# ML Pipelines with ZenML

***Key Concepts:*** *ML Pipelines, Steps*

In this notebook, we will learn how to easily convert existing ML code into ML pipelines using ZenML.

Machine learning in production consists of wide variety of tasks ranging from experiment tracking to orchestration, from model deployment to monitoring, from drift detection to feature stores and much, much more than that. Even though there are already some seemingly well-established solutions for these tasks, it can become increasingly difficult to establish a running production system in a reliable and modular manner once all these solutions are brought together. This is a problem which is especially critical when switching from research setting to a production setting. Due to a lack of standards, the time and resources invested in proof of concepts frequently go completely to waste, because the initial system cannot easily be transferred to a production-grade setting. 
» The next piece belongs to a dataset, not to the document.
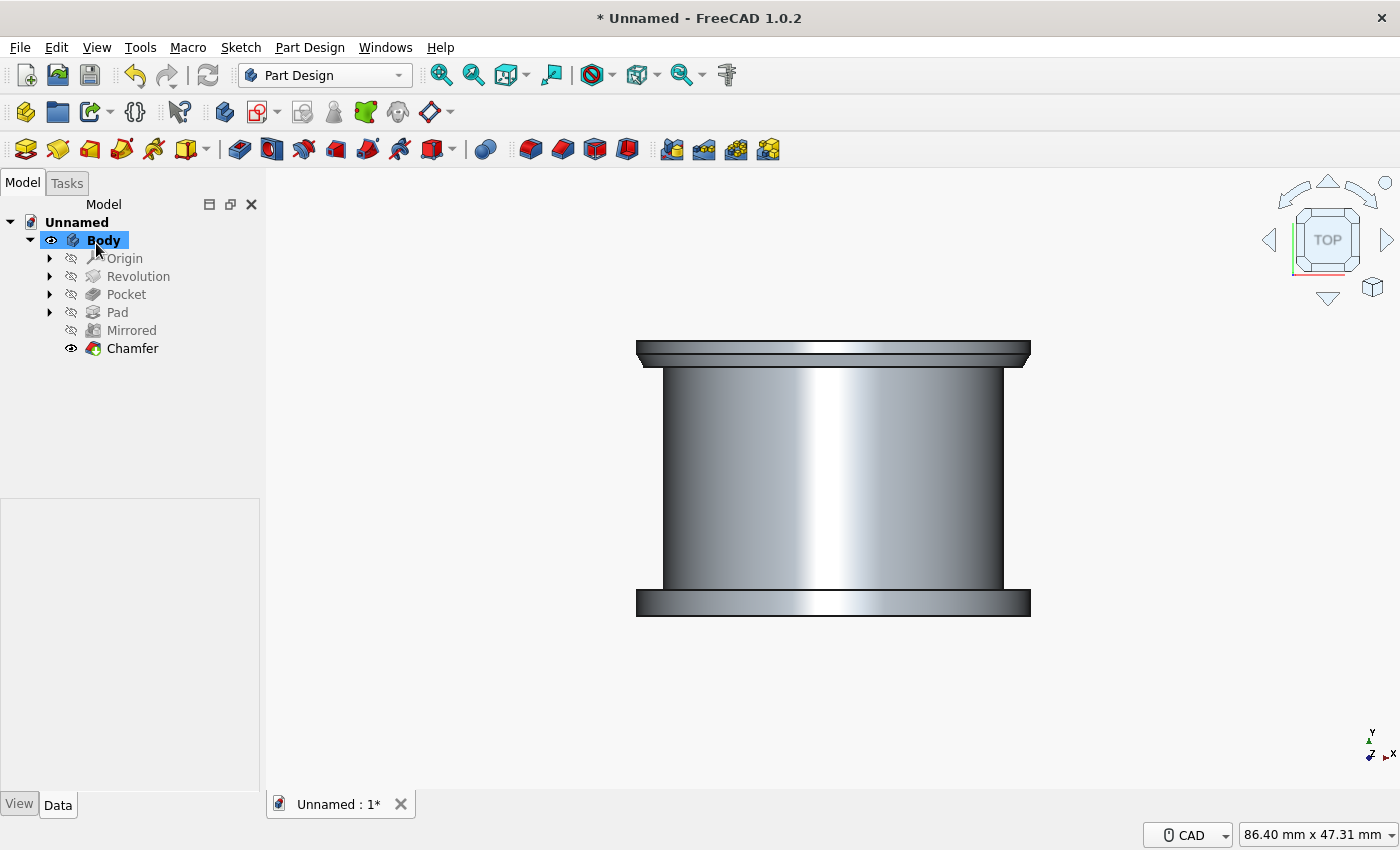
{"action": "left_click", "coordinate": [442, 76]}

To solve the above challenging problem, Zen ML was introduced. This has got a set of standards and well-structured abstractions. It is essential that these abstractions not only cover concepts such as pipelines and steps but also the infrastructure elements on which the pipelines run. This helps to simply infrastructure configuration and management. ZenML is a framework to create reproducible, production-ready machine learning pipelines. It is built for data scientist to transition their models from a local experimental setup to a robust modern MLOPS infrastructure in production.  

Since we will build models with [sklearn](https://scikit-learn.org/stable/), you will need to have the ZenML sklearn integration installed. You can install ZenML and the sklearn integration with the following command, which will also restart the kernel of your notebook.

In [None]:
%pip install zenml
!zenml integration install sklearn -y
%pip install pyparsing==2.4.2  # required for Colab

import IPython

# automatically restart kernel
IPython.Application.instance().kernel.do_shutdown(restart=True)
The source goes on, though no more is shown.